> PROBLEM STATEMENT
Please read the records below and return each line holding the string "angles".

(Dataset items)
------------
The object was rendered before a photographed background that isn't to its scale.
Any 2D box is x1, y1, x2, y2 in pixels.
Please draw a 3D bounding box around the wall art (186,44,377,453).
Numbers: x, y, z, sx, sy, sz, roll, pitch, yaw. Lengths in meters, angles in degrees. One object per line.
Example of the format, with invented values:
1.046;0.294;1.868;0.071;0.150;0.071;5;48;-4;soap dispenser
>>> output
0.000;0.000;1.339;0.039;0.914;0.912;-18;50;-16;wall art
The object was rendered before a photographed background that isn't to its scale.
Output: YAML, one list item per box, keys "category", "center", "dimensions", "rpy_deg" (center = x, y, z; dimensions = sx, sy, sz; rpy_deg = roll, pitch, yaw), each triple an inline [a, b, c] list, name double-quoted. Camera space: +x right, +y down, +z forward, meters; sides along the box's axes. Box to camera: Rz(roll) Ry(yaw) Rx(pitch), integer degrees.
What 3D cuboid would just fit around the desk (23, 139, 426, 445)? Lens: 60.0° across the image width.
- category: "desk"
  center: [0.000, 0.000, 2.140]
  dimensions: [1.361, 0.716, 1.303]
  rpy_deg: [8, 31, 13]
------------
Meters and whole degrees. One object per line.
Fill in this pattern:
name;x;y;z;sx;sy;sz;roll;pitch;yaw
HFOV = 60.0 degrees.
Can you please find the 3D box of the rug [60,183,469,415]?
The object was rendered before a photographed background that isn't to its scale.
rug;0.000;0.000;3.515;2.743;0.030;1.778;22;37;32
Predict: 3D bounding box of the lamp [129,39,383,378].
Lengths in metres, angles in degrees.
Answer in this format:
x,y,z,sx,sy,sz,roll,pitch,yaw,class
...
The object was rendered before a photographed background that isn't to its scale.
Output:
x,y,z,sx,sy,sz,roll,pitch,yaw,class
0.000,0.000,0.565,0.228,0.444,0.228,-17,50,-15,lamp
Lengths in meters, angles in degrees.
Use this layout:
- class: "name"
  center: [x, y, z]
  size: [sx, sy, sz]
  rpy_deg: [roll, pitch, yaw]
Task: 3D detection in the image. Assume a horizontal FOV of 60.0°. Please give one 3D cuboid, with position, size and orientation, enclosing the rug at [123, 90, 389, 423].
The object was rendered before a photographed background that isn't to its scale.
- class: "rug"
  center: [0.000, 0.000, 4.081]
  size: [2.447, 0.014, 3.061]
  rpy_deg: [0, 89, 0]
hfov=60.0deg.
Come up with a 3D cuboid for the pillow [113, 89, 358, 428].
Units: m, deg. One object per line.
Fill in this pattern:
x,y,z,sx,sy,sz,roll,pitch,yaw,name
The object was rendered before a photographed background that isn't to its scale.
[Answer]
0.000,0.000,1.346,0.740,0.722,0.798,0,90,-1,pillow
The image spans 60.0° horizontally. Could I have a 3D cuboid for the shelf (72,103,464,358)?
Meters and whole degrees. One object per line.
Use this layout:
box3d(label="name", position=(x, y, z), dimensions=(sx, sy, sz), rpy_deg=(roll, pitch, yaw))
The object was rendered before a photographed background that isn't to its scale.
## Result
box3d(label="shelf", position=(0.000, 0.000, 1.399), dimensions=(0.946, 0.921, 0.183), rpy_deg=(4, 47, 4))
------------
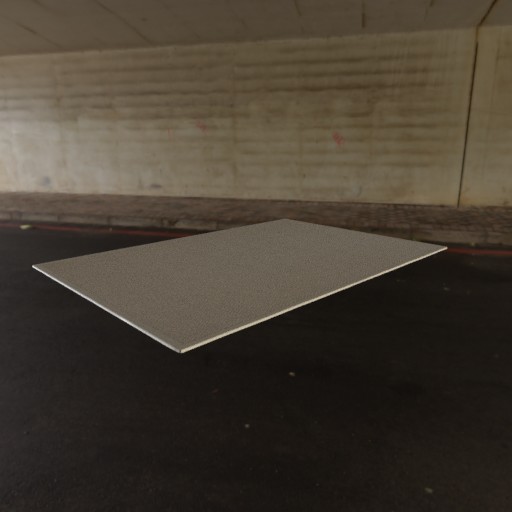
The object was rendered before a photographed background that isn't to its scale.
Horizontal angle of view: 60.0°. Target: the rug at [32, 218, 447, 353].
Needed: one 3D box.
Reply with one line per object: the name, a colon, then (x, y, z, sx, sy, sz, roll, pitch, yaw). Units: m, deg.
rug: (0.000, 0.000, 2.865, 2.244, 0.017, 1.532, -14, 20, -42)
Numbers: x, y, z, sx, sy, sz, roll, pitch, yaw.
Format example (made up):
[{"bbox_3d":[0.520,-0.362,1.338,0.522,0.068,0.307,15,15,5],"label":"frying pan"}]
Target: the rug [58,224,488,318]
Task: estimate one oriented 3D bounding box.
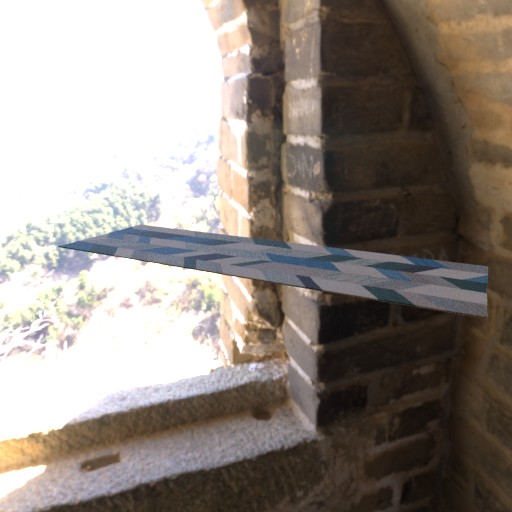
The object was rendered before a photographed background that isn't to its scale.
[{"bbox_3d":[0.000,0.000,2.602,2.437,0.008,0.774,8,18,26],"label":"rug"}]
------------
> PROBLEM SOLUTION
Numbers: x, y, z, sx, sy, sz, roll, pitch, yaw. Lengths in meters, angles in degrees. One object per line.
Lengths in metres, angles in degrees.
Lengths in meters, angles in degrees.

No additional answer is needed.